You May Get Lots of Garnishment Threats, but Virginia Garnishments Hit Without Warning

Are you getting debt collector phone calls warning you of a garnishment? That usually means you still have time to protect yourself.


Debt collectors will call and say you can get garnished if you don't pay them. And that's usually true. (Threatening a garnishment if they can't legally due it is a violation of Fair Debt Collection. Underground debt collectors--people who know they are illegal and don't care--will make threats they can't carry out. But legit outfits stay away from that.)


But usually when a debt collector says you can get garnished if you don't pay, there are legal steps they'd need to take to do it. They make that threat because they want to get their money without having to go through all the legal steps.
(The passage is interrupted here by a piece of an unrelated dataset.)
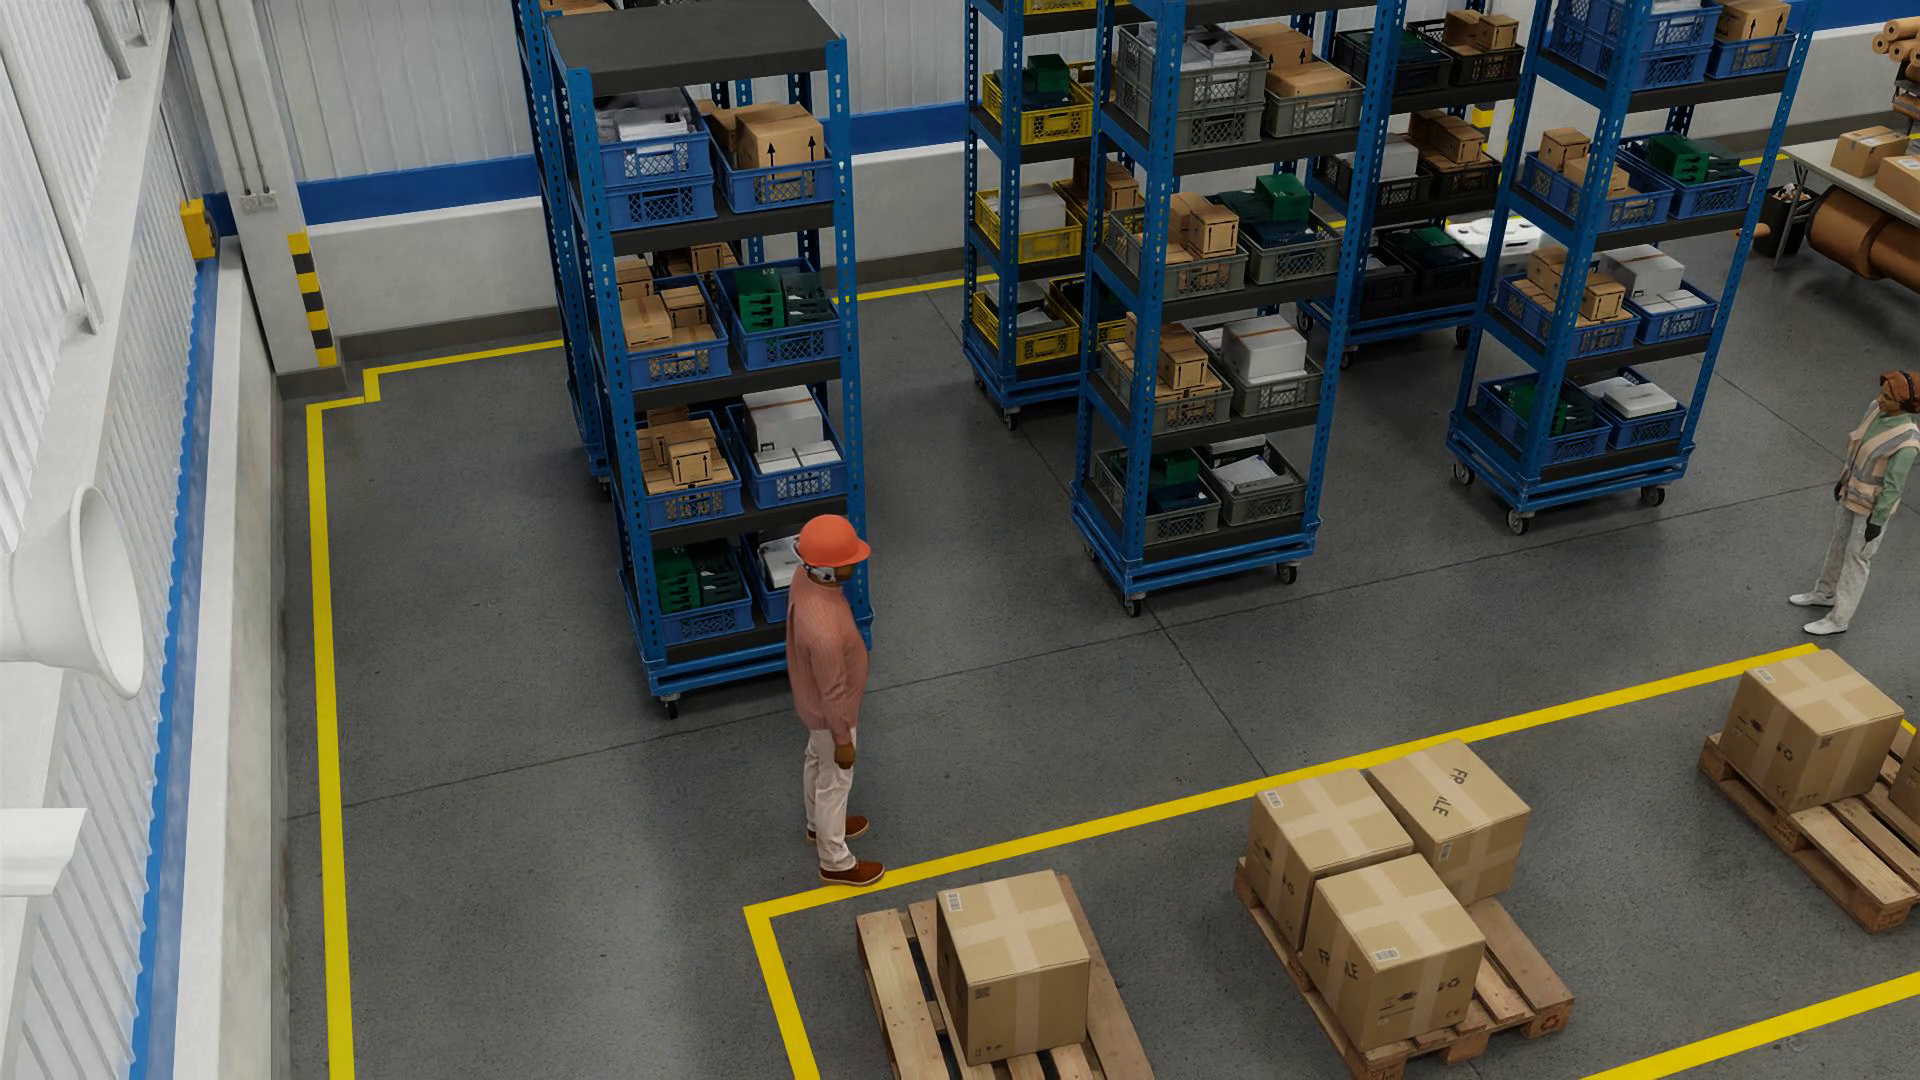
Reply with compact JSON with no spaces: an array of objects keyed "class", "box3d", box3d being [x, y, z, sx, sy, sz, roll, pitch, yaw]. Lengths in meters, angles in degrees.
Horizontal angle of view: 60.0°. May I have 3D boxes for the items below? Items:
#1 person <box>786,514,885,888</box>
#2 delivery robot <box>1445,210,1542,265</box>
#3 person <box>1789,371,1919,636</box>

If you ignore the threats, eight or ten months might go by and you think you are home free. Then, you get a Virginia warrant in debt. That's a court paper asking the judge to say you owe the money. I explain more about that, here. The judge saying you owe the money is a judgment.


With a judgment, they can hit you with a garnishment any time after a two week appeal period. Maybe they know where you bank; maybe they don't. Maybe they know where you work, maybe they don't.


Nothing might happen for years. Once they have recorded a judgment against you, they can get around to garnishing you any time in the next twenty years.


These days big debt collectors and creditors like Ford Motor have computers with artificial intelligence that tells them when to try to garnish you. If it looks like your problems are behind you, your credit score goes up, and that's when they track down your job or your bank and hit you with the garnishment.


Once they have that judgment on a warrant in debt, they do not need a new court date to get permission to garnish you. They just file a paper with the court, send a copy to your boss or your bank, and mail a copy to the last address they have for you. (There is a court date on a Virginia garnishment; but that's the stop date, not the start date.)


That's what I mean, garnishment hits without warning.





Once the bill collector has a warrant in debt judgment against you, they do NOT need a new court date to get permission to garnish you. Any time in the next twenty years, they can hit your bank or your pay without warning.